The optimal ranges in this study defined as the 10^th percentile and the 90^th percentile as mentioned in manuscript. We simply compared optimal ranges with known habitat environmental ranges of pacificus. Also, we agree with your comment about the bias of catch data. However, although biases may exist in the catch data, our HSI model can describe seasonal variations of HSI for the T. pacificus. Our next step (or goals) will be the long-term analysis of the HSI with a standardized catch data.

 

Lines 188-200: the information about the prey of this squid is very important and this paragraph should be moved to the beginning of the manuscript, in section 2, so those of us who are not familiar with this species can understand it’s optimal environmental conditions and food sources 

Lines 201-208: same as the previous comment; most of this is background information that is needed upfront and should be presented in the methods or even introduction and not in the discussion 

Line 216: Again- migration routes and spawning behavior are important background information that should be presented early in the manuscript

We revised the paragraph in Introduction (Line 41-51).

 

Line 205: The Aquamaps site is quite interesting, but it shows the native distribution of T. pacificus to be largely confined to the Yellow Sea, Sea of Japan, and East China Sea. I think you should emphasize that your results reveal interesting seasonality that’s not reflected in established native ranges, like those shown in Aquamaps Also- from the Aquamaps website, perhaps you should include a citation to their publication: Scarponi, P., G. Coro, and P. Pagano. A collection of Aquamaps native layers in NetCDF format. Data in brief 17 (2018): 292-296. 

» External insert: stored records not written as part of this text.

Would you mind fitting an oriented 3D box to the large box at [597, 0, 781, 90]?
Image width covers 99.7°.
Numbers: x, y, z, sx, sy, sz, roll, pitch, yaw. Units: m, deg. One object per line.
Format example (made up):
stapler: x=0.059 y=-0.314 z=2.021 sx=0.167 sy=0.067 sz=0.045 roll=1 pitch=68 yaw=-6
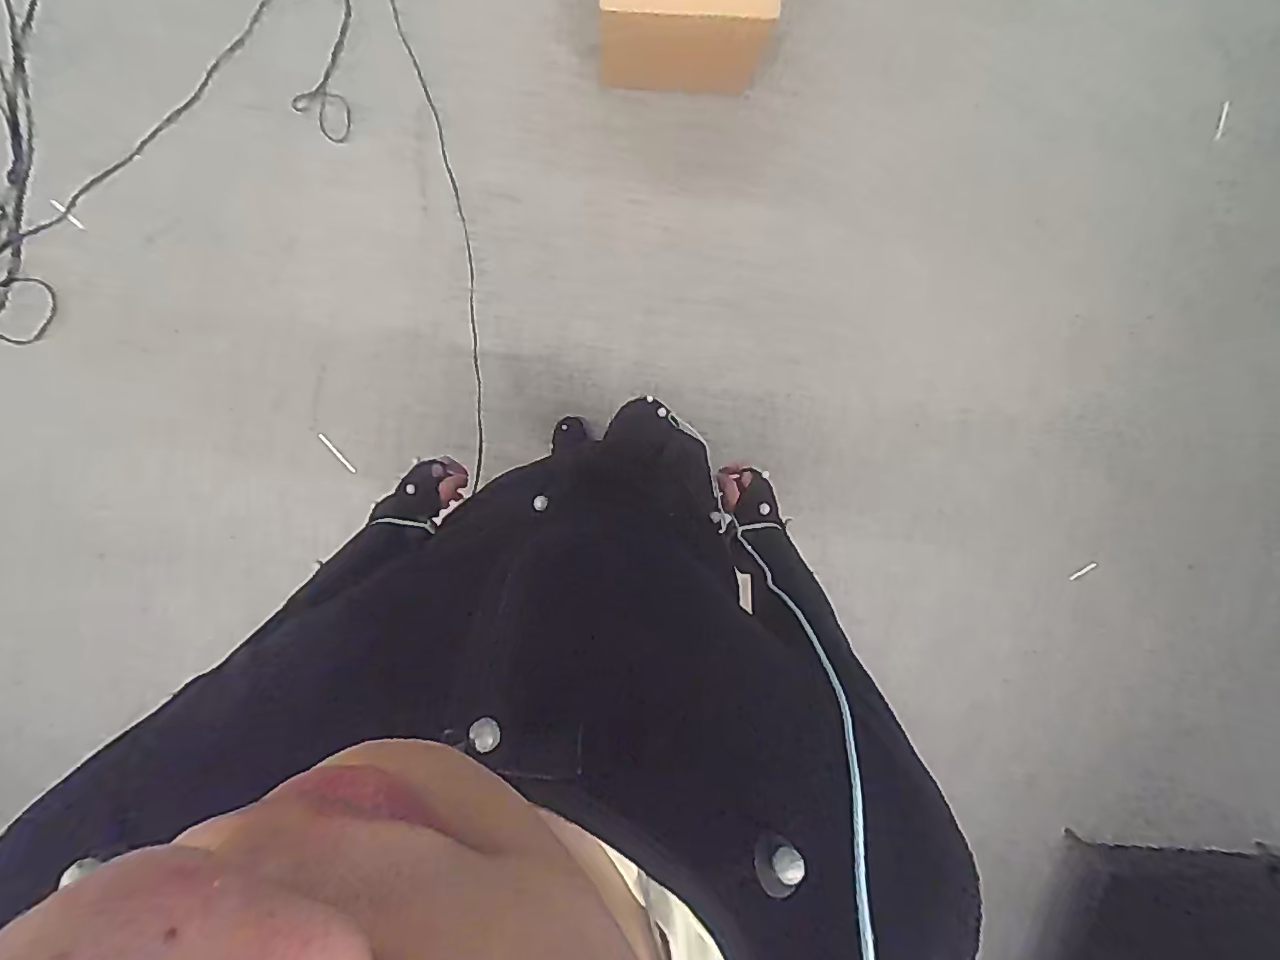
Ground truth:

The sentence is added in section 4.2. Also, reference was made in the format presented on the AquaMaps terms of use and conditions (https://www.aquamaps.org/main/TermsConditions.php ; General citation; Kashchner et al)

 

Lines 214-216: Can you add the names of the seas to the map in Figure 1? 

We revised the Figure 1.

Round 2

Reviewer 1 Report

I have now gone through the comments and revised version provided by the authors, which made a significant improvement-both in scientific and technical aspects as well as in the English language, over the original manuscript. I am therefore much pleased with this new version, which I believe can now be accepted.

Reviewer 2 Report

In the revised manuscript, the authors made a significant improvement. I now recommend publication for the revised manuscript.